Ebenso etablierten sich ab den 1920er Jahren verschiedene internationale Spezialwettbewerbe. Im Hochschulsport richtete die 1919 gegründete Confédération internationale des étudiants in der Zwischenkriegszeit verschiedene internationale Veranstaltungen aus. Im frühen Kalten Krieg gab es dann konkurrierende Veranstaltungen des Ostens und Westens, bevor sich ab 1959 die von der International University Sports Federation (FISU) ausgerichteten Universiaden etablierten. Im Behindertensport fanden ab 1924 regelmäßig die International Games for the Deaf (seit 2001: Deaflympics) statt. 1948 wurden die ersten Stoke Mandeville Games for the Paralyzed ausgetragen, aus denen 1960 die Paralympics hervorgingen. 1968 fanden die ersten Special Olympics der geistig Behinderten statt, initiiert von Eunice Shriver (1921–2009), einer Schwester John F. Kennedys (1917–1963), vor dem Hintergrund der Behinderung ihrer Schwester Rosemary (1918–2005) nach einer Lobotomie. Im Militärsport fanden im Sommer 1919 die "Interalliierten Spiele" in Paris statt, eine Art sportliche Siegesfeier zum Ende des Weltkriegs, die dem olympischen Programm folgte, zu der aber nur Kriegsteilnehmer der Siegermächte und ihrer Verbündeten zugelassen waren.27 1948 erfolgte dann die Gründung des Conseil International du Sport Militaire (CISM), der in verschiedenen Disziplinen Militär-Weltmeisterschaften auszurichten begann. 1958 entstand als einzige internationale Sportsonderorganisation des Ostblocks das Sportkomitee der Befreundeten Armeen, das als Veranstalter der Spartakiaden der befreundeten Armeen fungierte.

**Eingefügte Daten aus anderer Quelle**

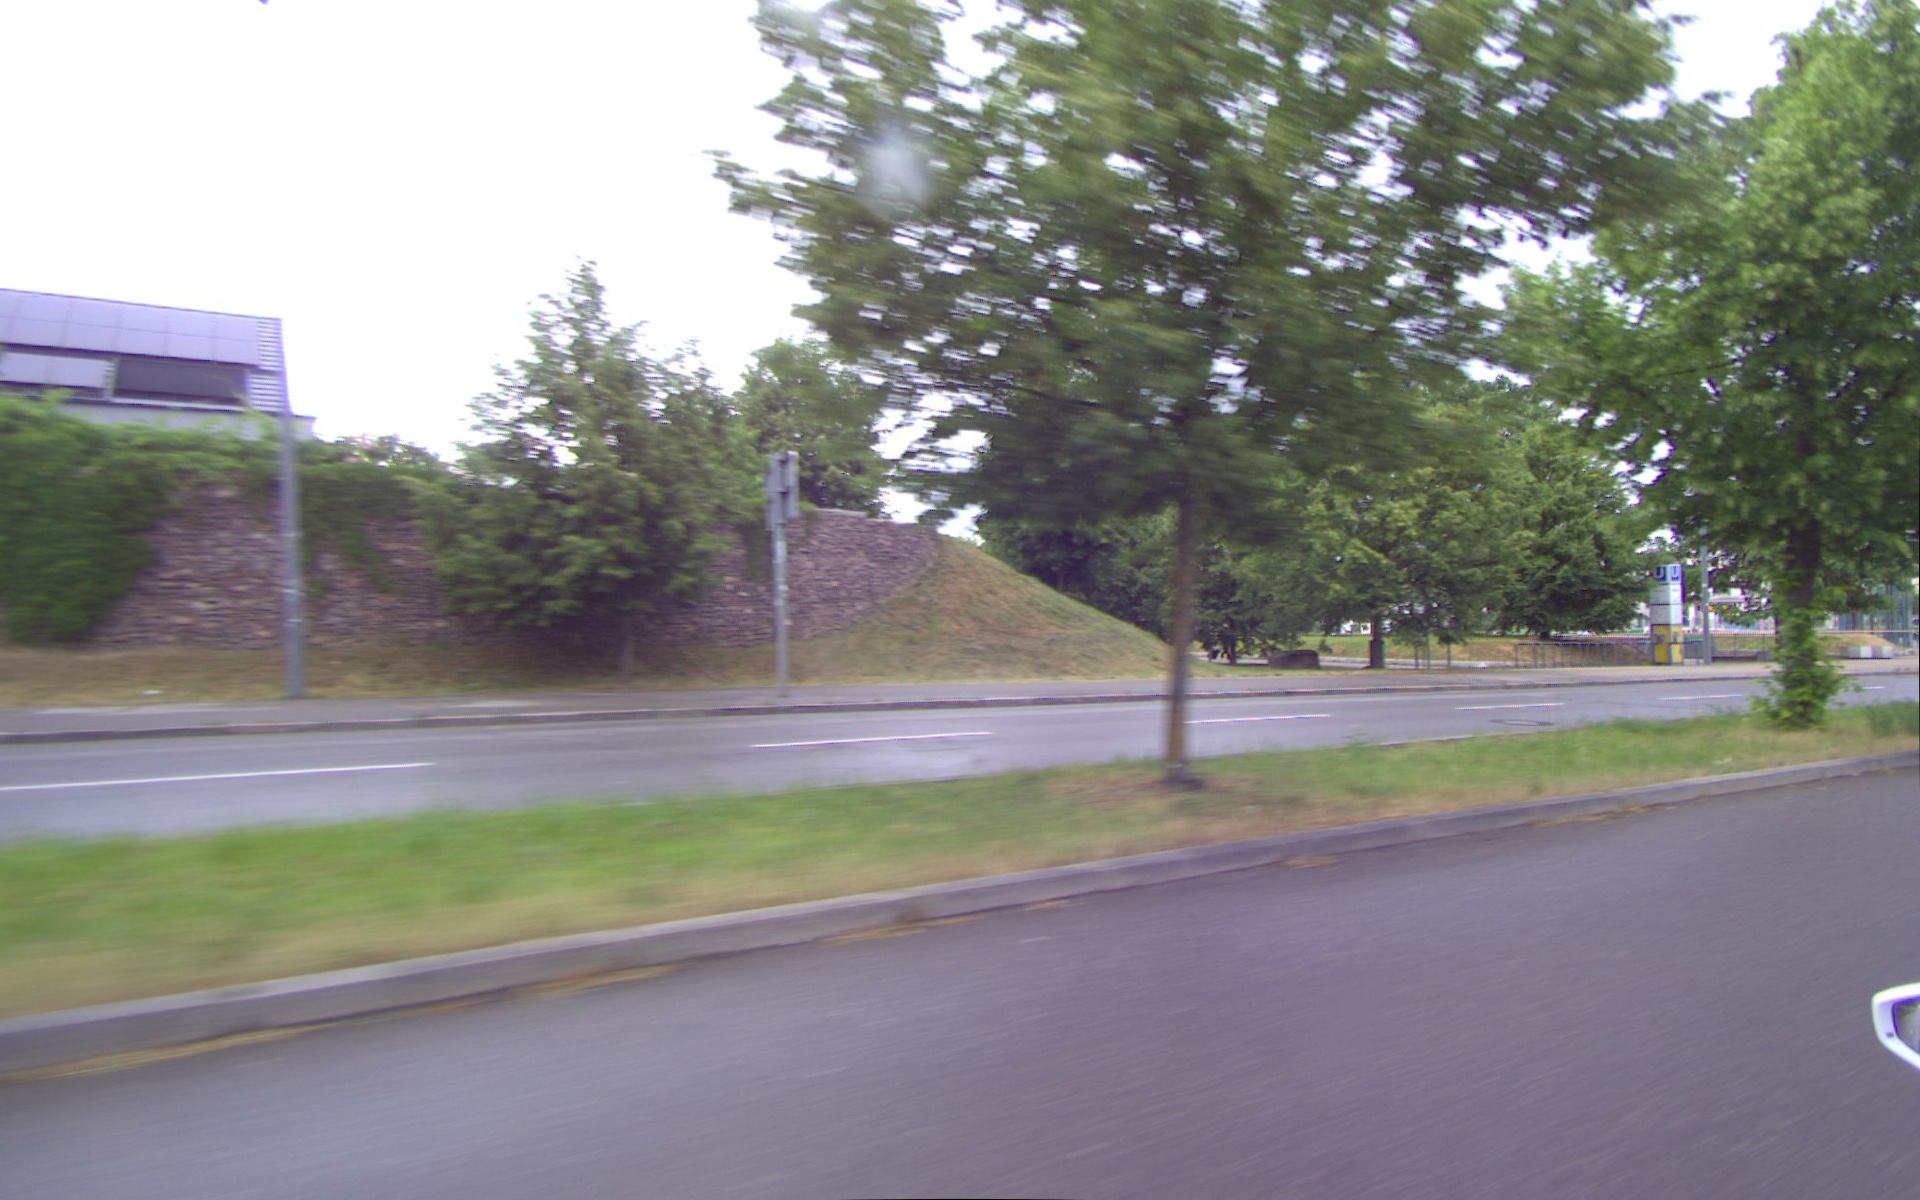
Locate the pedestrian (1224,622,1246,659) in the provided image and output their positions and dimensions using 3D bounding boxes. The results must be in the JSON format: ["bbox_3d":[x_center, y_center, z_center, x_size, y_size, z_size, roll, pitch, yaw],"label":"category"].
[{"bbox_3d":[12.994,1.908,47.525,0.745,1.751,0.644,2,-1,-22],"label":"pedestrian"}]

Insgesamt erfolgte damit nach den weitgehend europäischen Ursprüngen des internationalen Sports im 19. und frühen 20. Jahrhundert zur Jahrhundertmitte sowohl in Struktur und Funktionsweise der internationalen Sportorganisationen als auch bei den Sportgroßveranstaltungen im Zeichen des Kalten Kriegs und der Dekolonisation eine Globalisierung. Diese machte Europa auch in sportlicher Hinsicht zu einem Kontinent neben anderen und provinzialisierte es gleichsam innerhalb des globalen Sportsystems.